Fortunately, I have a copy of The Ransomed Heart, which is a collection of readings from John Eldredge’s works in my bathroom and I have frequently thumbed through this book and found some little string to hold onto. One day it was a couple of paragraphs on how easy it is to forget that God is real and faithful. This is why God told the Israelites to remember over and over and had them set up memorials at the sight of significant encounters with God. Even Jesus, when instructing us to practice the Eucharist tells us to do it for remembrance of him, so we won’t forget.

Today, I picked up the book and found this:

One of the most poisonous of all Satan’s whispers is simply, “Things will never change.” That lie kills expectation, trapping our heart forever in the present. To keep desire alive and flourishing, we must renew our vision for what lies ahead. Things will not always be like this . . .Julia Gatta describes impatience, discouragement and despair as the “noonday demons” most apt to beset the seasoned traveler. As the road grows long we grow weary; impatience and discouragement tempt us to forsake the way for some easier path.” (The Sacred Romance)

Isn’t that the truth? I too have found that the lie of “things will never change” can be an ever present spiritual taunt in trying situations. (This seems to be a particular problem in marriage, I think. You have a fight and you think that your spouse’s anger or bad attitude towards you is going to be the new “normal”. But that’s a whole other conversation.)

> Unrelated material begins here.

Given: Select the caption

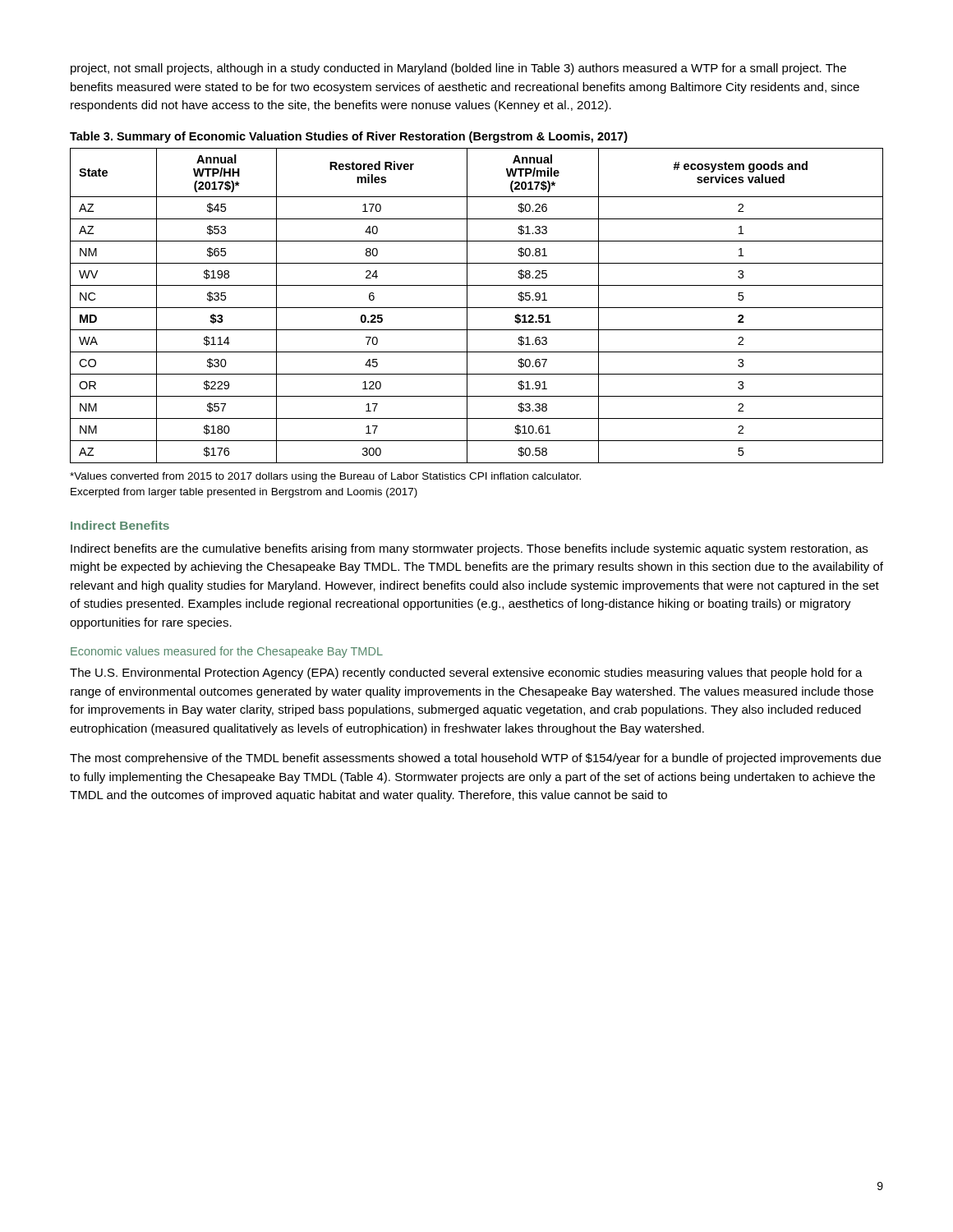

As I have struggled, especially with how pointless this whole thing seems to be, the thought has popped into my mind, “maybe this isn’t about you. Maybe this is so you can be a demonstration of faith for others around you. One of those ‘so they will see your good works and glorify God’ times.” But the thought seems too arrogant, too presumptuous to actually adopt.  Then today I also read this in The Ransomed Heart:

We run our race, we travel our journey, in the words of Hebrews, before ‘a great cloud of witnesses’ (12:1). When we face a decision to fall back or press on, the whole universe holds its breath – angels, demons, our friends and foes, and the Trinity itself – watching with bated breath to see what we will do. . . The question that lingers from the fall of Satan and the fall of man remains: Will anyone trust the great heart of the Father, or will we shrink back in faithless fear? . . . The great struggles of our heart reveal to the world our true identity: We really are the sons and daughters of God.” (The Sacred Romance)

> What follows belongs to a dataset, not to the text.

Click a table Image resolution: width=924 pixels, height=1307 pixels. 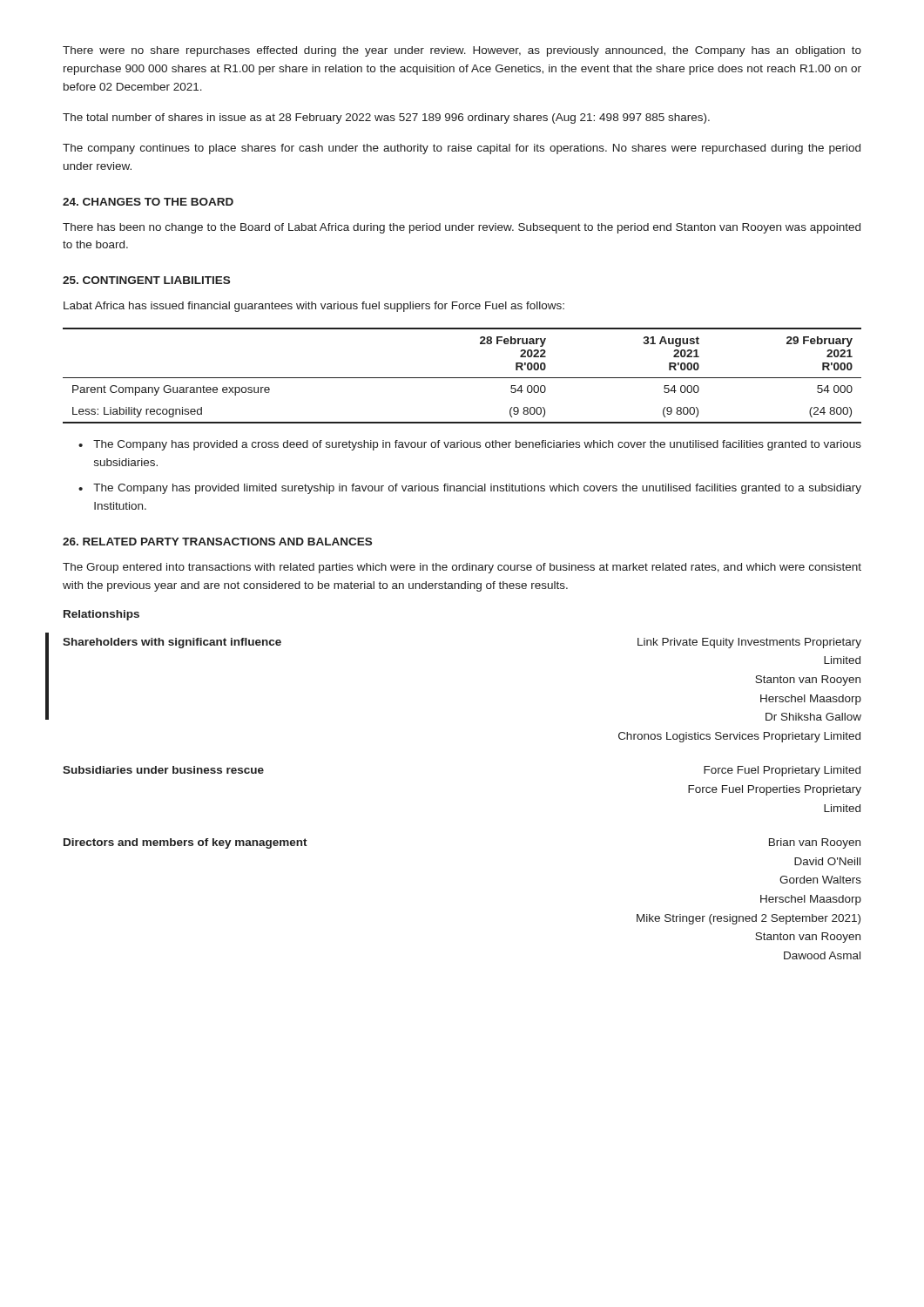462,376

Hmmm . . . Personally, I keep coming back to the problem of hope. Hope can seem like a fool’s errand. What if it doesn’t work out? What if I end up not as an example of faithfulness in God’s good heart, but as an example of misplaced hope and optimism? Yet like many times before, I find myself repeating the words of Simon Peter to Jesus, “Lord, to whom shall we go? You have the words of eternal life.” (John 6:68)

So I’ll just keep plugging along and hope that I will be found worthy and that some one, some where will glorify God because of me.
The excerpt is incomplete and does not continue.